The Pirate's Wife: The Remarkable True Story of Sarah Kidd
“a solid primer on piracy and privateering”
Daphne Palmer Geanacopoulos has clearly done her homework in The Pirate’s Wife. She draws on archival material from the 18th century, including legal documents and property records to trace the career of the notorious Captain Kidd and his wife, Sarah. She does a good job of providing the historical context for piracy and privateering and the difference between the two. Privateers were basically mercenaries, hired to “legally plunder and seize enemy French ships.” They would share the loot with the legal authorities who licensed such seizure, while keeping a cut for themselves.
Captain Kidd started as a privateer. He was engaged by “Christopher Codrington, governor of the Leeward Islands, an English colony in the West Indies, to help ward off the French. Kidd saw action on the tiny French island of Marie Galante (near Guadeloupe) and was sent to help at the island of St. Martin but his men preferred piracy to legal plundering. . . .”
And so starts Kidd’s troubles. He loses one ship and crew to the world of piracy, returns to New York, marries the twice-widowed Sarah, who is still in her twenties, then gets another privateer commission. Only to turn pirate himself. The reasons for turning to piracy are also clearly explained by Geanacopoulos:
“Some did so out of revenge against merchant and naval ship captains who wielded a violent and arbitrary authority against them. Pirates detested the strict social order meted out by the maritime martinets who made their lives so difficult. . . .”
Or simple greed could be the motivator. Why loot treasure that had to be shared with someone who took none of the risk? Kidd’s actual piracy isn’t the focus anyway, but his trial for piracy, the way he’s used by “solid citizens” for profit. Sarah’s experience on the pirate ship is definitely unusual, but she’s there to flee with her husband, not to follow the pirate life. Those expecting tales of yo, ho, ho and a bottle of rum will be disappointed.
Still, this book serves as a solid primer on piracy and privateering. Where it stumbles is in trying to tell the story of Sarah Kidd. Her narrative gets lost in all the essential historical context. No strong sense of her character is ever developed, nor is any driving narrative arc of her desires and goals.

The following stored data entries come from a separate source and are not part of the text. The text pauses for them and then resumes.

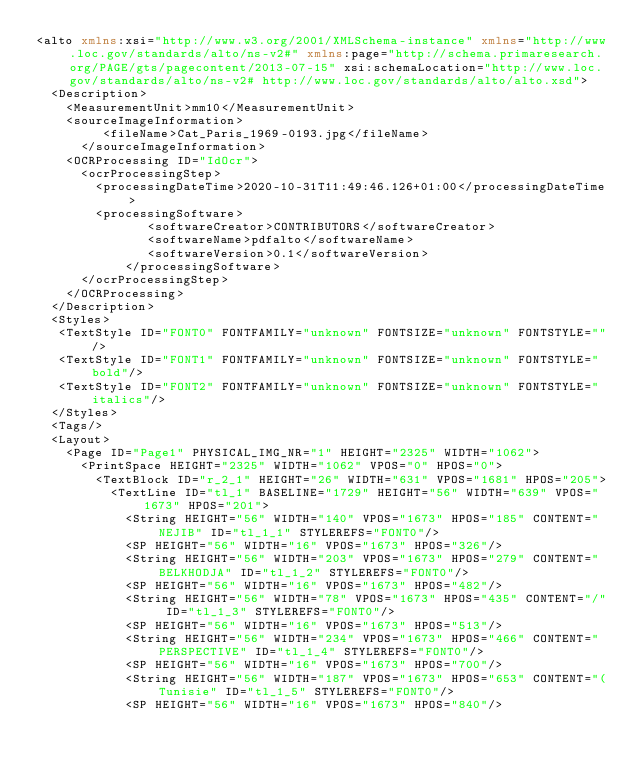<code> <loc_0><loc_0><loc_500><loc_500><_XML_><alto xmlns:xsi="http://www.w3.org/2001/XMLSchema-instance" xmlns="http://www.loc.gov/standards/alto/ns-v2#" xmlns:page="http://schema.primaresearch.org/PAGE/gts/pagecontent/2013-07-15" xsi:schemaLocation="http://www.loc.gov/standards/alto/ns-v2# http://www.loc.gov/standards/alto/alto.xsd">
  <Description>
    <MeasurementUnit>mm10</MeasurementUnit>
    <sourceImageInformation>
         <fileName>Cat_Paris_1969-0193.jpg</fileName>
      </sourceImageInformation>
    <OCRProcessing ID="IdOcr">
      <ocrProcessingStep>
        <processingDateTime>2020-10-31T11:49:46.126+01:00</processingDateTime>
        <processingSoftware>
               <softwareCreator>CONTRIBUTORS</softwareCreator>
               <softwareName>pdfalto</softwareName>
               <softwareVersion>0.1</softwareVersion>
            </processingSoftware>
      </ocrProcessingStep>
    </OCRProcessing>
  </Description>
  <Styles>
   <TextStyle ID="FONT0" FONTFAMILY="unknown" FONTSIZE="unknown" FONTSTYLE=""/>
   <TextStyle ID="FONT1" FONTFAMILY="unknown" FONTSIZE="unknown" FONTSTYLE="bold"/>
   <TextStyle ID="FONT2" FONTFAMILY="unknown" FONTSIZE="unknown" FONTSTYLE="italics"/>
  </Styles>
  <Tags/>
  <Layout>
    <Page ID="Page1" PHYSICAL_IMG_NR="1" HEIGHT="2325" WIDTH="1062">
      <PrintSpace HEIGHT="2325" WIDTH="1062" VPOS="0" HPOS="0">
        <TextBlock ID="r_2_1" HEIGHT="26" WIDTH="631" VPOS="1681" HPOS="205">
          <TextLine ID="tl_1" BASELINE="1729" HEIGHT="56" WIDTH="639" VPOS="1673" HPOS="201">
            <String HEIGHT="56" WIDTH="140" VPOS="1673" HPOS="185" CONTENT="NEJIB" ID="tl_1_1" STYLEREFS="FONT0"/>
            <SP HEIGHT="56" WIDTH="16" VPOS="1673" HPOS="326"/>
            <String HEIGHT="56" WIDTH="203" VPOS="1673" HPOS="279" CONTENT="BELKHODJA" ID="tl_1_2" STYLEREFS="FONT0"/>
            <SP HEIGHT="56" WIDTH="16" VPOS="1673" HPOS="482"/>
            <String HEIGHT="56" WIDTH="78" VPOS="1673" HPOS="435" CONTENT="/" ID="tl_1_3" STYLEREFS="FONT0"/>
            <SP HEIGHT="56" WIDTH="16" VPOS="1673" HPOS="513"/>
            <String HEIGHT="56" WIDTH="234" VPOS="1673" HPOS="466" CONTENT="PERSPECTIVE" ID="tl_1_4" STYLEREFS="FONT0"/>
            <SP HEIGHT="56" WIDTH="16" VPOS="1673" HPOS="700"/>
            <String HEIGHT="56" WIDTH="187" VPOS="1673" HPOS="653" CONTENT="(Tunisie" ID="tl_1_5" STYLEREFS="FONT0"/>
            <SP HEIGHT="56" WIDTH="16" VPOS="1673" HPOS="840"/></code>

Sarah Kidd doesn’t come to life as a character because her scenes are presented as what might have happened or could have been seen or might have been felt. This creates distance. Worse, it makes the reader distrust the writer. Hedging one’s bets doesn’t encourage the reader to buy in to the fiction. Instead it makes one distrust it altogether. A typical passage reads:
“Sarah may have felt anxious about the gravity of the situation, but she would have been stoic and strong for the sake of her children whose fear no doubt showed through the tears in their innocent eyes.”
Would she have been stoic and strong? The teary children invented by the writer aren’t a convincing motive. Rather they read as a cliché. This kind of writing surrounds Sarah at every turn, nudging the reader to see Sarah in a way that the archival material doesn’t prove or suggest, but feels completely like an invention. Which would be fine in a historical novel that actually created scenes and put us there with the characters.
This awkward hybrid of history and hypotheticals succeeds in fulfilling neither goal. It would have been better to write a straightforward history. Geneacopoulos certainly knows the material well enough, but she lacks the novelist’s eye and skill for building a dramatic story, even with all the innately dramatic elements she has at her disposal in Sarah Kidd’s truly extraordinary life. The book does tell a remarkable true story but not in a remarkable way.